A related issue prevented DMTCP from working properly on some
SUSE/openSUSE distros.
Version 2.5.1 release notes
===========================
This release mostly provides added robustness. Two notable items of
added functionality are:
i. DMTCP_RESTART_PAUSE and DMTCP_RESTART_PAUSE0 environment variables
for easier debugging upon initial restart
ii. The --debug-logs flag was added to dmtcp_launch/dmtcp_restart.
One can now turn on logging individually for separate plugins,
instead of only turning it on globally.
An incompatibility of DMTCP with Open MPI 1.10 when using orterun (mpirun)
was discovered. This may also affect some other versions of Open MPI 1.10.
This bug will be fixed in a future release.
* Fixed an issue when starting multiple DMTCP coordinators on same host
at approximately the same time
* Fixed issue with PBS scheduler for HPC
* Fixed issue when restarting on a different host with a larger
limit on the number of open file descriptors
* dmtcp_launch/dmtcp_restart now accept '--debug-logs' flag to specify
which DMTCP plugins should produce logging information
(It used to be all or nothing.)
* Improved robustness for IB (InfiniBand) plugin
* Fixed DMTCP_RESTART_PAUSE and DMTCP_RESTART_PAUSE0 environment variables
for debugging upon restart
* The brk() call was failing on restart on Debian due to overly strict assert
* dmtcp_launch was hanging on some RHEL5 and RHEL6 due to deadlock with
libc low-level locks. Fixed now.
* Updated tls_pid_offset in DMTCP to handle newer GLIBc (versions > 2.24)
* Fixed launch of 32-bit binary when forking/execing from a 64-bit executable
* Fixed issue that can affect a parent holding a malloc-lock while forking
* Fixed issue when a user thread calls 'dmtcp_get_coord_ckpt_dir()'
Version 2.5.0 release notes
===========================
This release includes a few new plugins and several bug fixes for robustness.
Some of the highlights include:
* Support for InfiniBand UD (in addition to the more common InfiniBand RC).
* Added support for CMA (Cross-Memory Attach):
`process_vm_readv` and `process_vm_writev`
* Improved multi-arch (mixed 32-/64- bit) support.
* Re-added `--enable-fast-restart`.
* Added a new commandline option `--with-plugin-32` for dmtcp_launch to specify
32-bit plugins in a 64-bit environment.
* Added `--enable-pthread-mutex-wrappers` configure flag to enable
`pthread_mutex_{lock,unlock}` wrappers needed for Open MPI.
* Added ability to specify environment file used in the `modify-env` plugin.
* Allow `dmtcp_restart` to be invoked by root.
* The following new plugins were added:
* `pathvirt`: to virtualize filesystem paths.
* `delayresume`: for finer-grained control over resuming of user threads
during resume/restart.
See the following url for more details:
https://github.com/dmtcp/dmtcp/pulls?q=is%3Apr+milestone%3A2.5.0+is%3Aclosed
Version 2.4.4 release notes
===========================
DMTCP now supports InfiniBand UD (in addition to the more common InfiniBand
RC).

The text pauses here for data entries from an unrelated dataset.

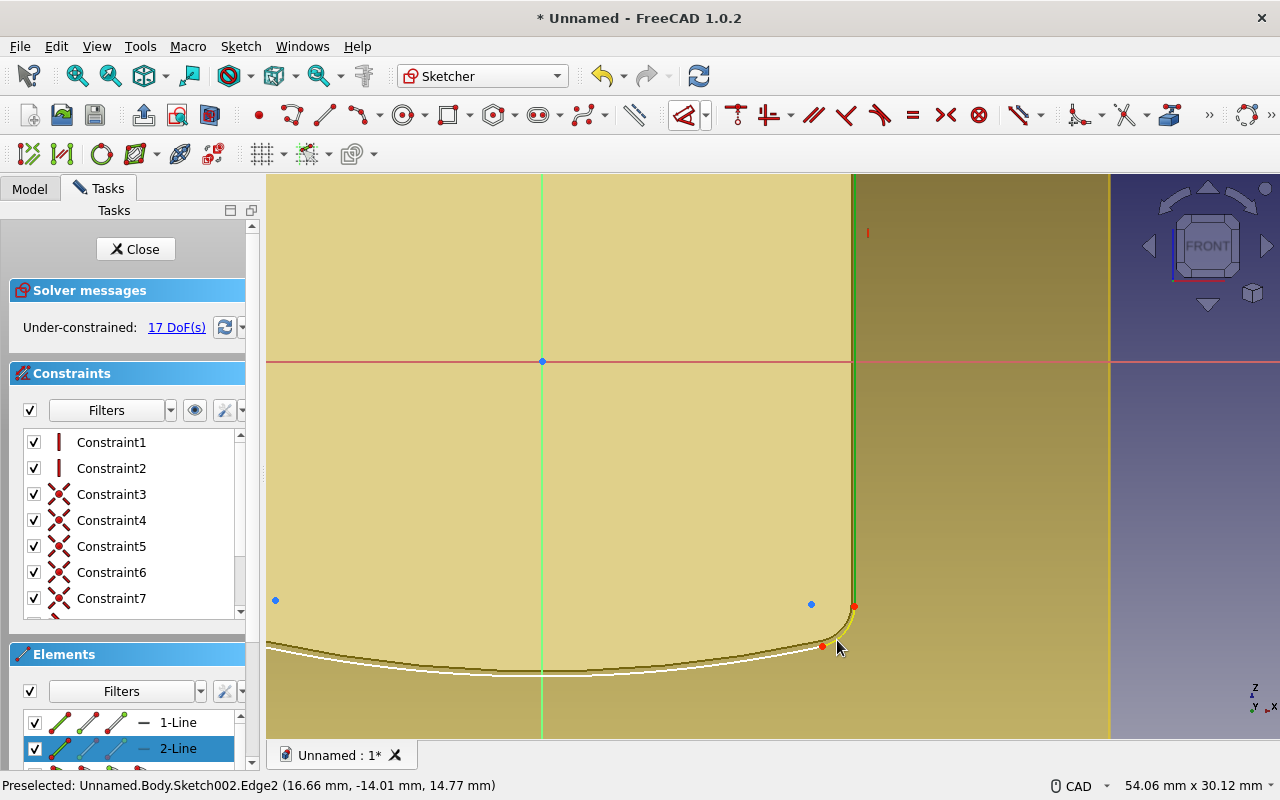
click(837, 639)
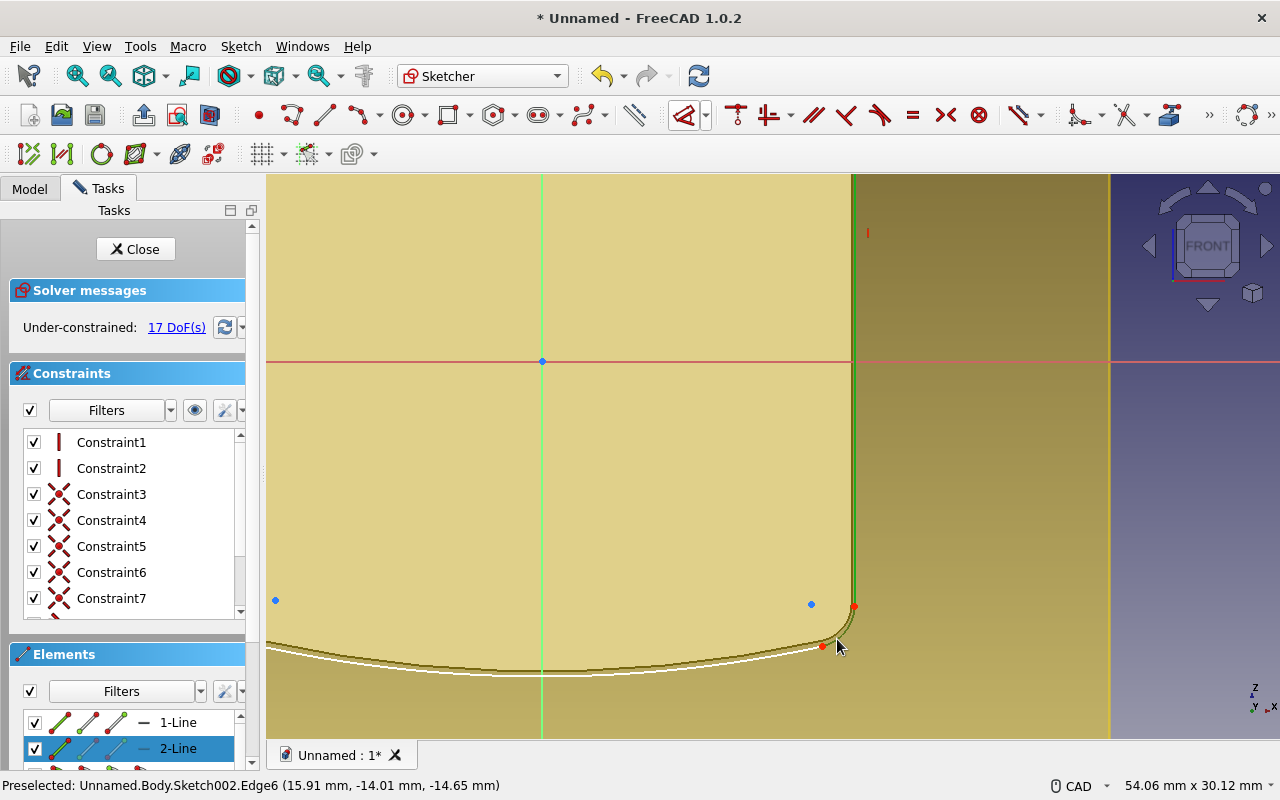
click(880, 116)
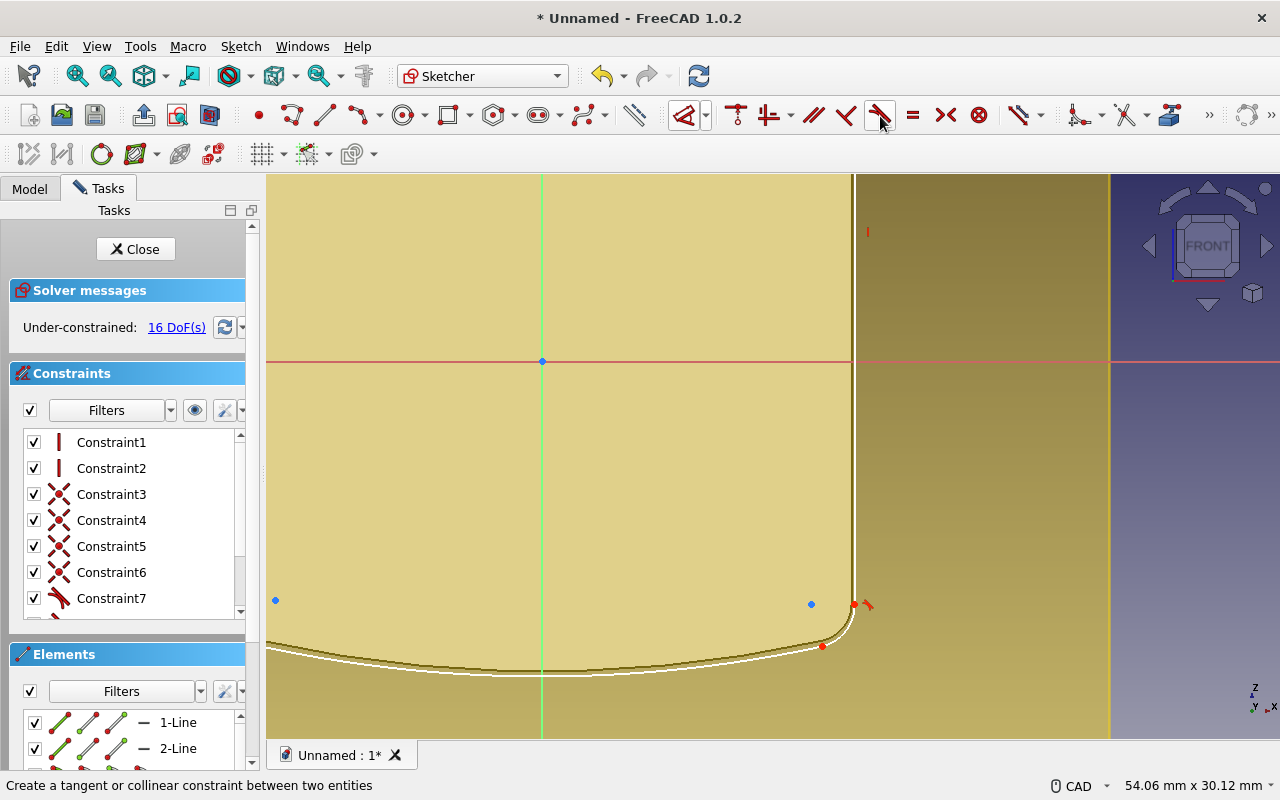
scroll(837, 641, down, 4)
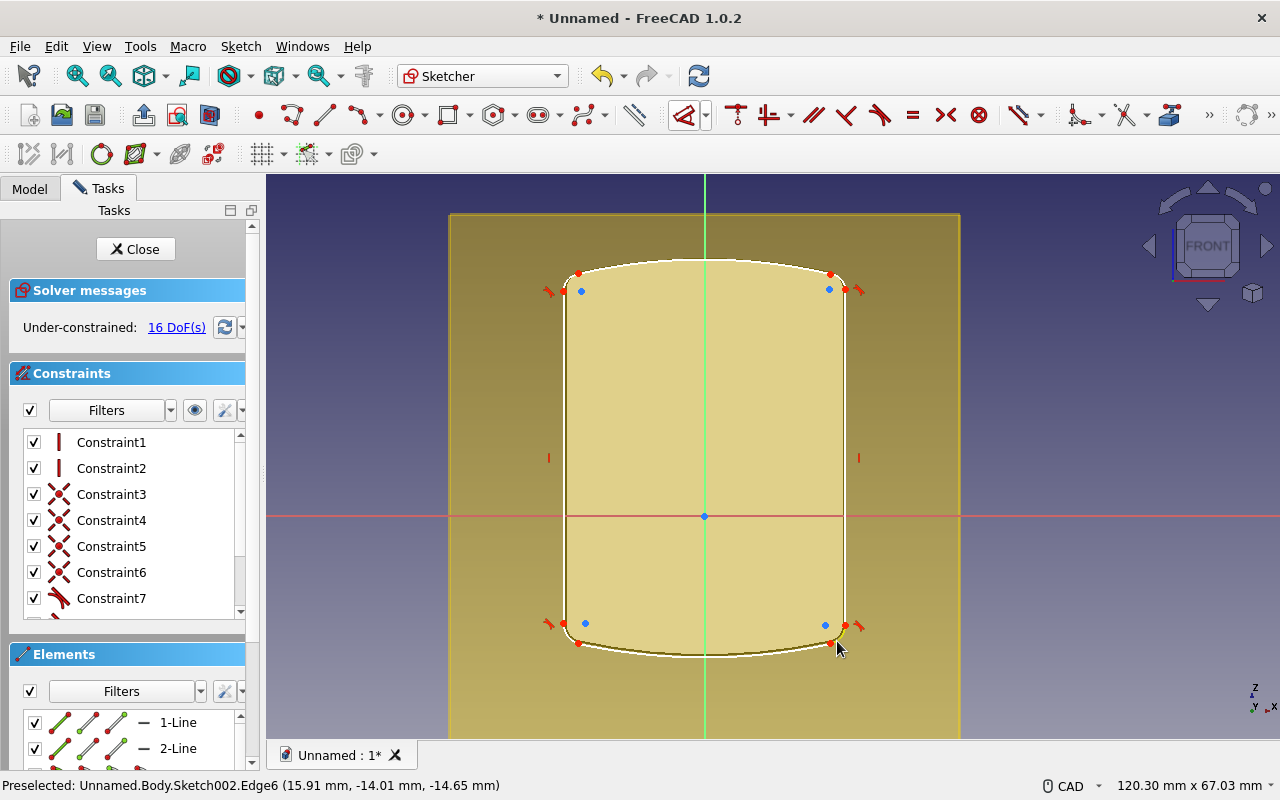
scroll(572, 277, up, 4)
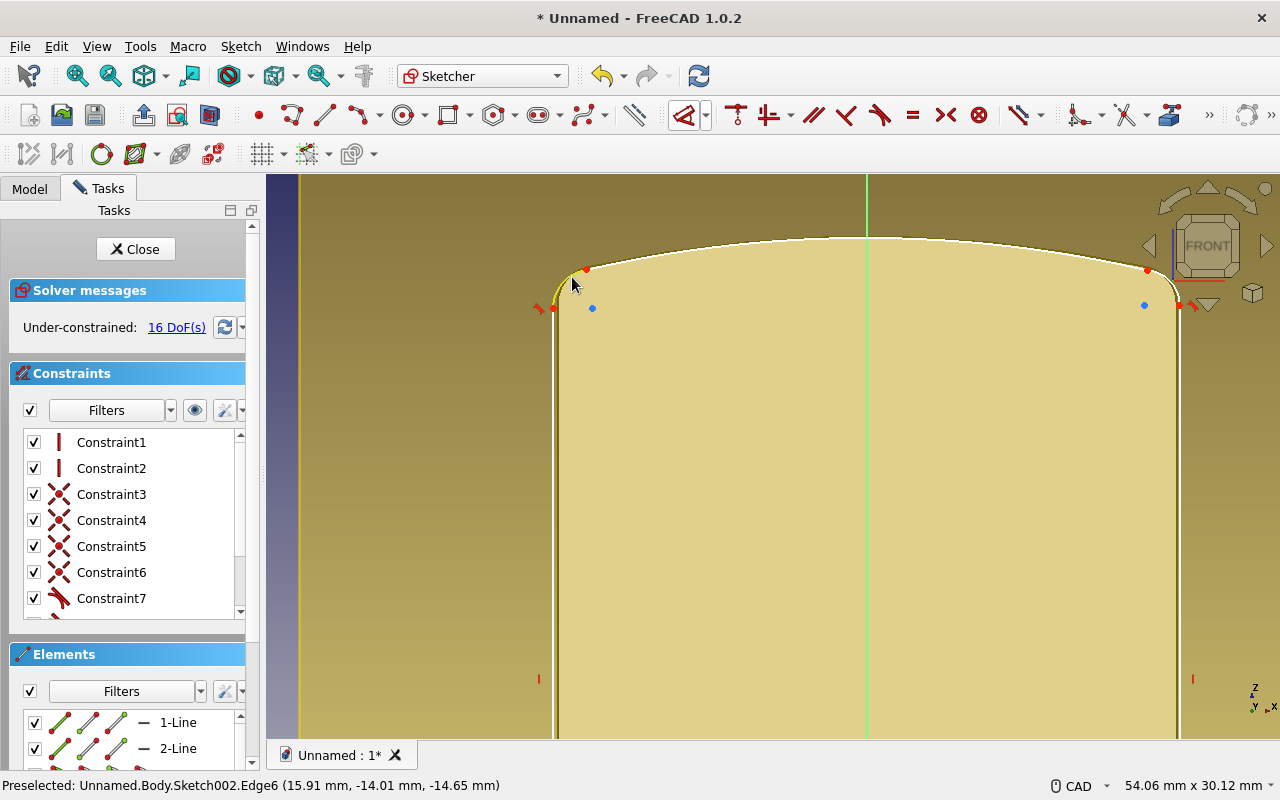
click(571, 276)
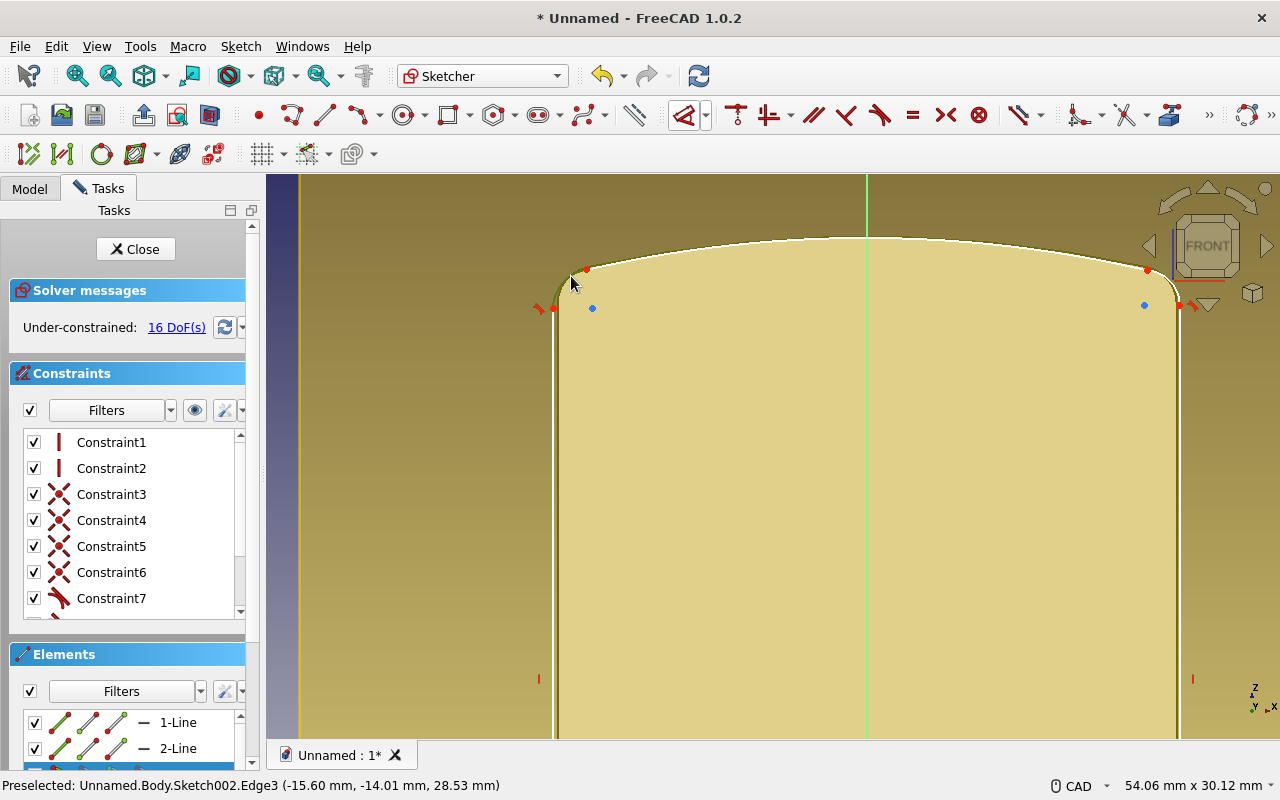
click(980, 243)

This is becoming necessary, now that many MPI implementations are
typically configured to use both InfiniBand RC and InfiniBand UD.
Other major bug fixes include:
* A regression in the multi-arch installation has been fixed. It should
again be possible to configure DMTCP to support a mixture of 32- and
64-bit applications as documented in the `doc/multi-arch.txt` and in
the DMTCP FAQ.
* A race condition was fixed that could cause a failure to restart after
many checkpoint-restart cycles (i.e., a restart from a checkpoint of
a restart from a checkpoint, etc.). This race condition potentially
happened primarily for programs that were continually creating and
destroying many threads or continually using `mmap` to create and destroy
many BSD-style shared memory regions among different processes.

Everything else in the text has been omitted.